E não há dúvida de que o Parlamento do Mercosul, tal como o temos hoje, não pode dar conta de tão extraordinária tarefa. E, se não será esse Parlamento, que só não é honorário porque composto por membros dos congressos nacionais, menos ainda se poderá delegar às corporações a missão de estabelecer marcos de uma futura Constituição Comunitária. Pois essa é, obviamente, uma extraordinária e intransferível atribuição do Poder Legislativo de cada um dos países membros.

Para tanto, é fundamental e urgente que os legislativos nacionais definam mecanismos comuns para a eleição de congressistas que tenham, também, o mandato popular de representar seu país em um parlamento comunitário com efetiva representatividade.
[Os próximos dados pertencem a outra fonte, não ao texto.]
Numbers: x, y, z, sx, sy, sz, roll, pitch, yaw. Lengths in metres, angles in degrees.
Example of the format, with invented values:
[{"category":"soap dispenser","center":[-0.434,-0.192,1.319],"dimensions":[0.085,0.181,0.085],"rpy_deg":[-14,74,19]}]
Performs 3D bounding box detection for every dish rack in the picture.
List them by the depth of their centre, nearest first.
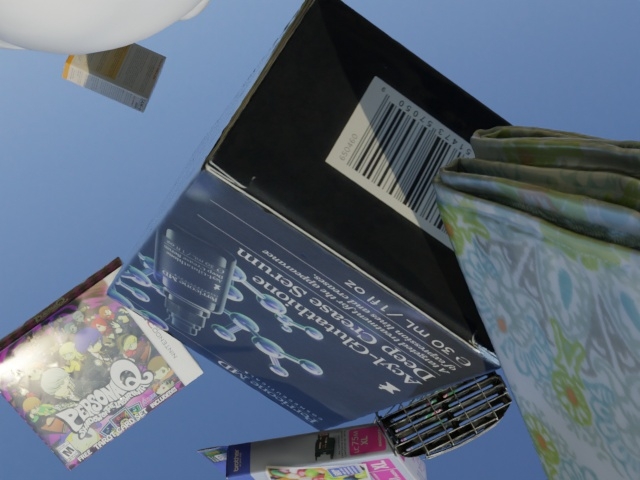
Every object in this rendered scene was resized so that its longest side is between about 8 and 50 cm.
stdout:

É incontestável a consolidação do Mercosul como bloco comercial, embora ainda seja apenas o embrião de uma comunidade de nações. A entrada da Venezuela agregou ao Bloco mais 900 mil quilômetros quadrados, o equivalente à soma dos territórios de França e Alemanha. Mais que território, o ingresso da Venezuela agrega 29 milhões de pessoas ao comércio intra-bloco, e confere ao Mercosul o status de região com mais reserva de petróleo do planeta.

Em 21 anos - completados em 201, o comércio intra-bloco saltou de 4,5 bilhões para 50 bilhões de dólares anuais, enquanto cem milhões de dólares são aplicados anualmente, a fundo perdido, pelo Fundo de Convergência Estrutural do Mercosul (Focem) para diminuir as disparidades entre os países, principalmente em infraestrutura.
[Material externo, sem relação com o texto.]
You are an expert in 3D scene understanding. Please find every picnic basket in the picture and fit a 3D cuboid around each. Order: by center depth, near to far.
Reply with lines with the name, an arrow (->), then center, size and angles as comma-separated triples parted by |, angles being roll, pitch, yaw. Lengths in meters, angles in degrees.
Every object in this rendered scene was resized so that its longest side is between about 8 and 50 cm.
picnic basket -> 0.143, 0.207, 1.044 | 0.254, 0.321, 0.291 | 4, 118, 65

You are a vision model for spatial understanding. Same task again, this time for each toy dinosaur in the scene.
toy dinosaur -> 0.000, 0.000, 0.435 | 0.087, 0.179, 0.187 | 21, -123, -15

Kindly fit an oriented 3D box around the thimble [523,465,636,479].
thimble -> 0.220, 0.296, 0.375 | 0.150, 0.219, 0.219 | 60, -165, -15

É nesse cenário de expansão vigorosa do bloco, e das divergências e impasses daí decorrentes, que identifico, com preocupação, o crescente déficit político entre a expansão geográfica, econômica e populacional do Mercosul e a tímida articulação dos legislativos nacionais para consolidar o processo de regulação comunitária.

No Brasil, é bom que reconheçamos, a academia tem sido muito fecunda na formulação de um arcabouço jurídico-legal, vasto e substancioso, sobre o Mercosul. Questões como as discrepâncias entre a estrutura constitucional de cada país-membro e o ordenamento jurídico do Bloco, assim como o próprio déficit legislativo da construção do mercado comum têm merecido competentes análises.

Os legislativos nacionais não podem seguir tendo atuação subsidiária no prodigioso processo de construção da comunidade latino-americana, em cuja direção o Mercosul representa decisivo passo.